Aunque eliminen pobres físicamente, otros tantos aparecerán si el sistema consiste en la producción de estos. Y si del resentimiento se trata, ningún futuro promisorio puede esperarse si quienes lo producen, no echan mano a la humildad en vez de pensar en tanta violencia represiva para paliar lo que ellos mismos generan por su propia naturaleza. En síntesis, el problema no es la pobreza, sino la riqueza.
La solución no radica en atacar a los humildes, sino en bajarle el copete a los fanfarrones embriagados de bienestar económico. No ingresar a las villas para encontrar delincuentes, sino ingresar a la AFIP para descubrir ingresos de dinero ilícitos más importantes que las obtenidas en un arrebato callejero. No detenerse tanto en el episodio del robo de un automóvil, cómo en la comercialización de las autopartes, efectuadas en lugares bien visibles y consumidos por consciente clientela que no le importa el origen sangriento de lo que pagan más barato. No horrorizarse tanto con el patotero, tan difícil de buscar en la multitud, sino con el jefe de la patota, tan fácil de descubrir en las jefaturas de sindicatos.

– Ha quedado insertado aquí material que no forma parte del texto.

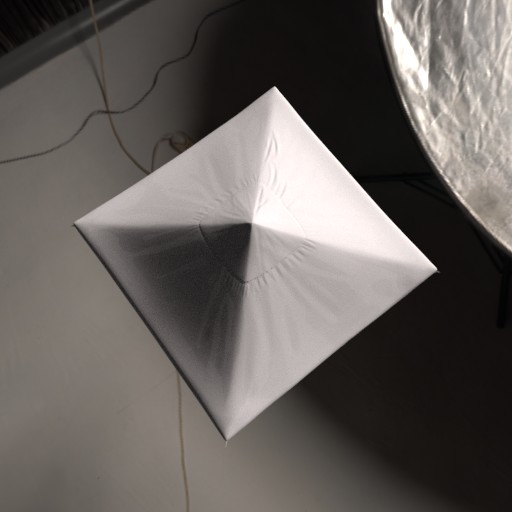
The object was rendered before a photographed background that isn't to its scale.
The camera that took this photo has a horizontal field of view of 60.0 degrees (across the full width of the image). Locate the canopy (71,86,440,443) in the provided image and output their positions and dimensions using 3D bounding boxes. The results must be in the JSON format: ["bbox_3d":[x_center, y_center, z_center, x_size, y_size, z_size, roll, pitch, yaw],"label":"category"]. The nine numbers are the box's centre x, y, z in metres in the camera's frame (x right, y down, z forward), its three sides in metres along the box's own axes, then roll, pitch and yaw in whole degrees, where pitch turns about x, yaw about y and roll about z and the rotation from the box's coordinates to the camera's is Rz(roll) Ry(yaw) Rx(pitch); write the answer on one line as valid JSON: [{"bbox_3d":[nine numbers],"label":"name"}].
[{"bbox_3d":[0.000,0.000,5.598,3.121,2.997,3.043,-37,79,-9],"label":"canopy"}]
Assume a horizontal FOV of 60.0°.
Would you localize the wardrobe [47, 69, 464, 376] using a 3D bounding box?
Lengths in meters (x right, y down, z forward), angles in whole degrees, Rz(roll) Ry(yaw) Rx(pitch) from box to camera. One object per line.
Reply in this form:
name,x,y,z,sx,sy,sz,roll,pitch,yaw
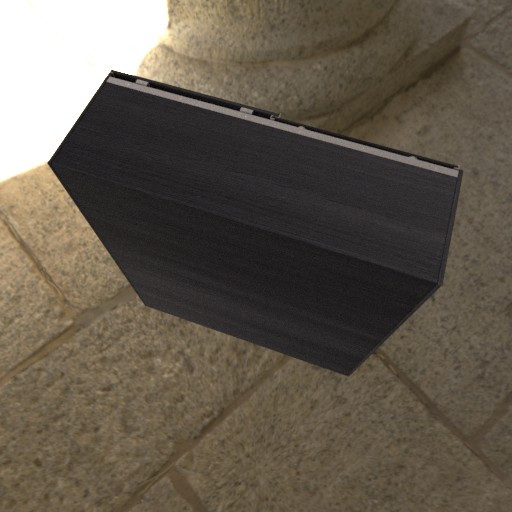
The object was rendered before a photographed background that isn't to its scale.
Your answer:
wardrobe,0.000,0.000,2.879,1.780,1.960,0.629,18,66,8
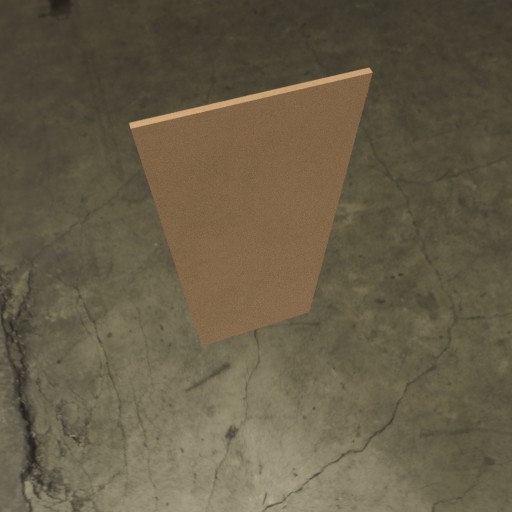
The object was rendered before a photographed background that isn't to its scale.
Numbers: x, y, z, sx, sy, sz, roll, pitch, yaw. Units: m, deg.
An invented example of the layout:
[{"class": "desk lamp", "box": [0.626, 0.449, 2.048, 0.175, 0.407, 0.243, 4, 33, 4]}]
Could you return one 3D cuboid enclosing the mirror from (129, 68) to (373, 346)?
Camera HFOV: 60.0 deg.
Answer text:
[{"class": "mirror", "box": [0.000, 0.000, 2.296, 0.812, 2.031, 0.026, -16, 61, -9]}]
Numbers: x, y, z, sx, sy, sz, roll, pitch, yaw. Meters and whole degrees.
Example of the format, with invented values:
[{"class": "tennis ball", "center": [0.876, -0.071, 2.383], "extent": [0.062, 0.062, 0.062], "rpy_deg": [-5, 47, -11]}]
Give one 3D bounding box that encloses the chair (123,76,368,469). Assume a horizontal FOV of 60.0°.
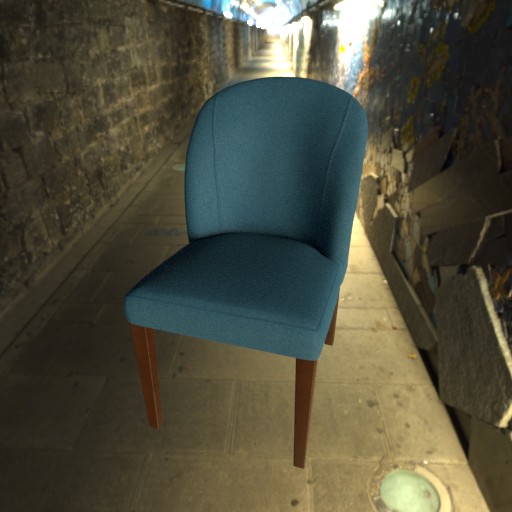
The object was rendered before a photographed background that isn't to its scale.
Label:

Estas no son más que sugerencias no taxativas, pero ejemplificativas para pensar en los verdaderos culpables de tanta violencia y encontrar soluciones, no tan ligeras como las que suponen el grito vacío de SE-GU-RI-DAD, pero más duraderas y éticas como edificar una sociedad justa, libre y soberana. Consolidada esta sana realidad, la consecuencia será esa seguridad a la que todos anhelan pero que no todos merecen.
Dr. Hernán Jaureguiber; Bernardo Alberte (h).